"The Modern Devotion was recognized from the outset as a movement of spiritual renewal [in the 14th century in Northern Europe]. Over the years historians have reached broad consensus on several of the most characteristic features of its spirituality.
"The person of Jesus Christ stood central to this New Devotion. Here the brothers and sisters inherited a tradition derived ultimately from the Cistercians and Franciscans, which by the Late Middle Ages had spread across nearly ail orders and levels of Western Christendom.
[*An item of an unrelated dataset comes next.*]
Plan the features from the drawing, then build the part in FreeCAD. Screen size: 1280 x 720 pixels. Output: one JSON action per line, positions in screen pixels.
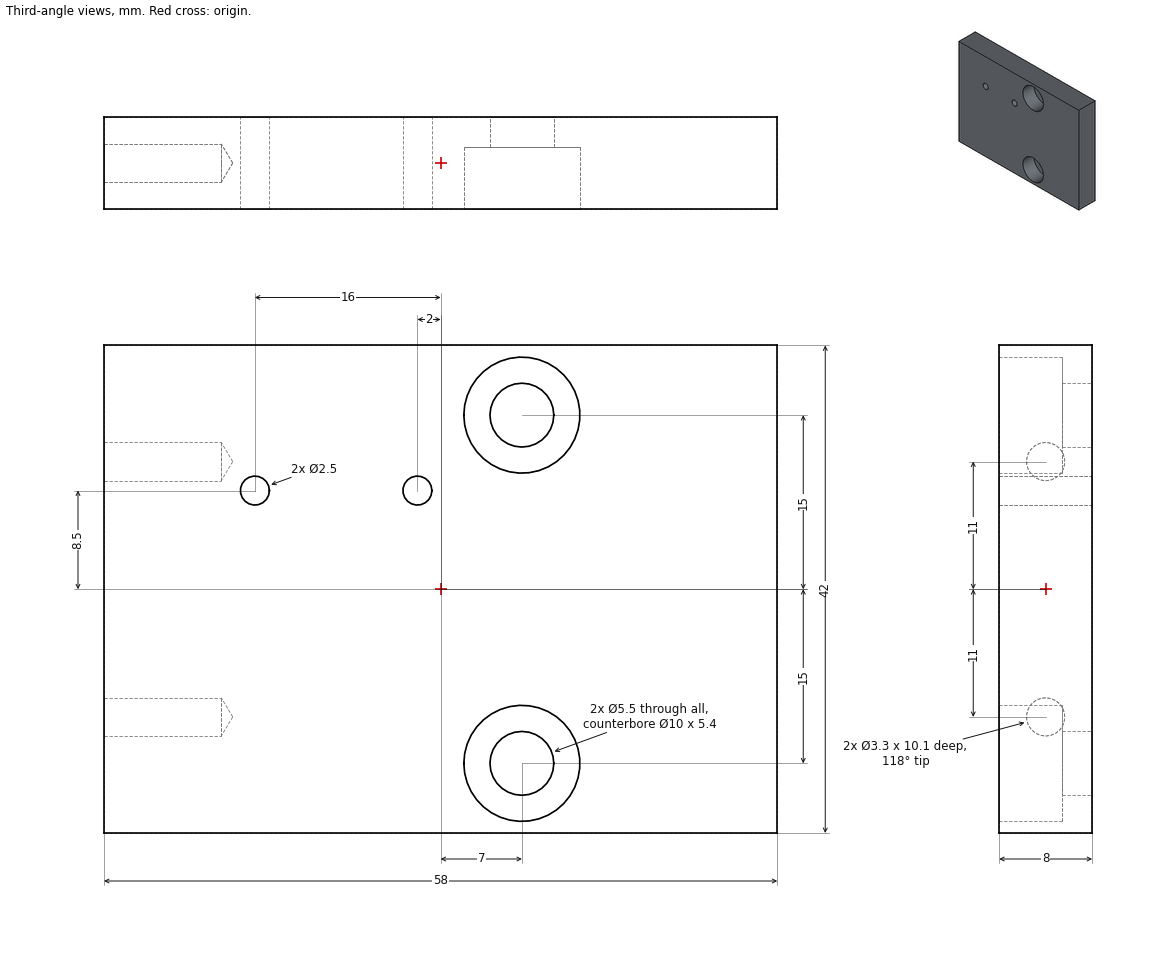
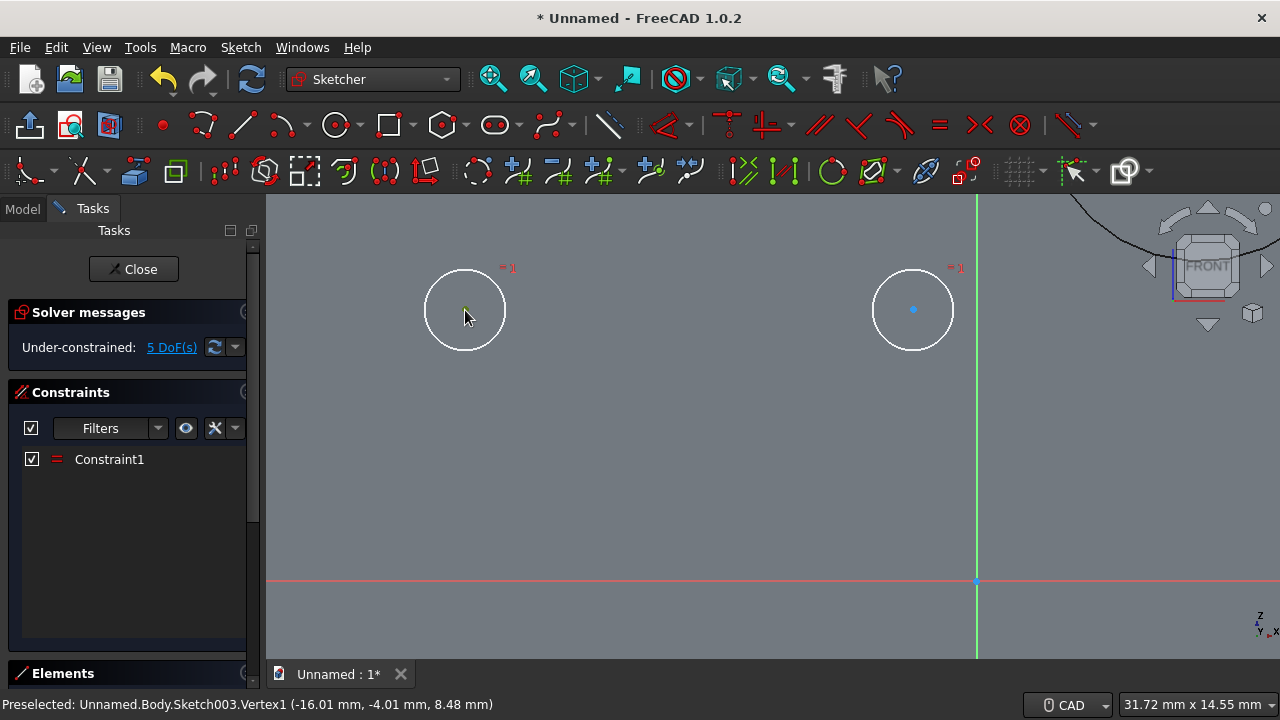
{"action": "left_click", "coordinate": [913, 310]}
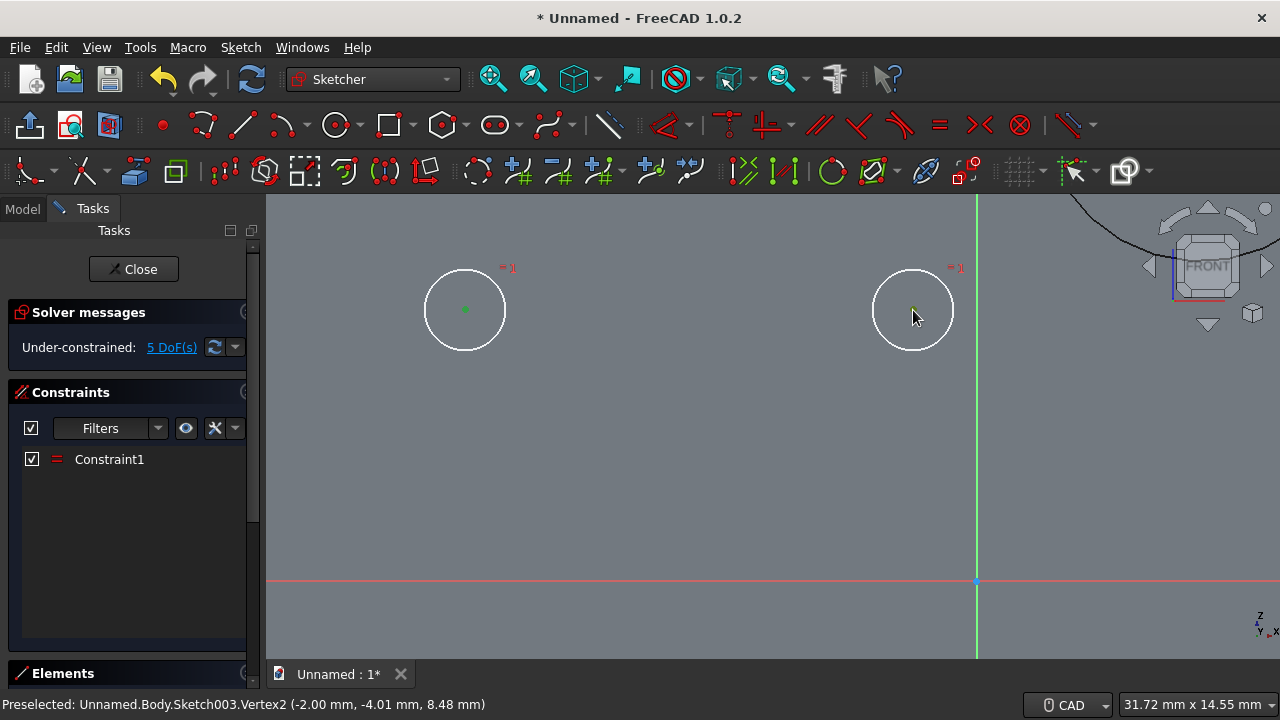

The works most read by the New Devout included the sermons of Bernard, the life of Christ by Bonaventure, the meditations of Ps-Anselm, the Book on divine Wisdom of the Dominican mystic Henri of Suso, and versions of the life of Christ by the Carthusian Ludolf of Saxony."
In the Fall of 2001, as a Visiting Scholar at the Medieval Institute of the University of Notre Dame, Indiana, USA, one of our sisters was invited to organize an informal seminar on Devocio moderna as read from the inside. Each week was read selections from the tradition beginning with Bonaventure, who strongly influenced the first writers among the Devout, trying to underscore their special gift to the Church of their time.
We know through the texts and the iconography of the 14th century that the passion of the Lord Jesus took a greater importance in piety, under the influence of the mystic women of the preceding century such as Gertrud of Hefta, Angele of Foligno, Mechtilde of Magdeburg.
Saint Bonaventure († 1274), after Francis of Assisi, focused a part of his reflection on the subject. His treatise on The tree of life became a model for many after him and influenced the first Brothers of Common Life. The theme of the Passion is very prescrit also in the Imitation of Christ of Thomas a Kempis, a Canon regular of Windesheim († 1471).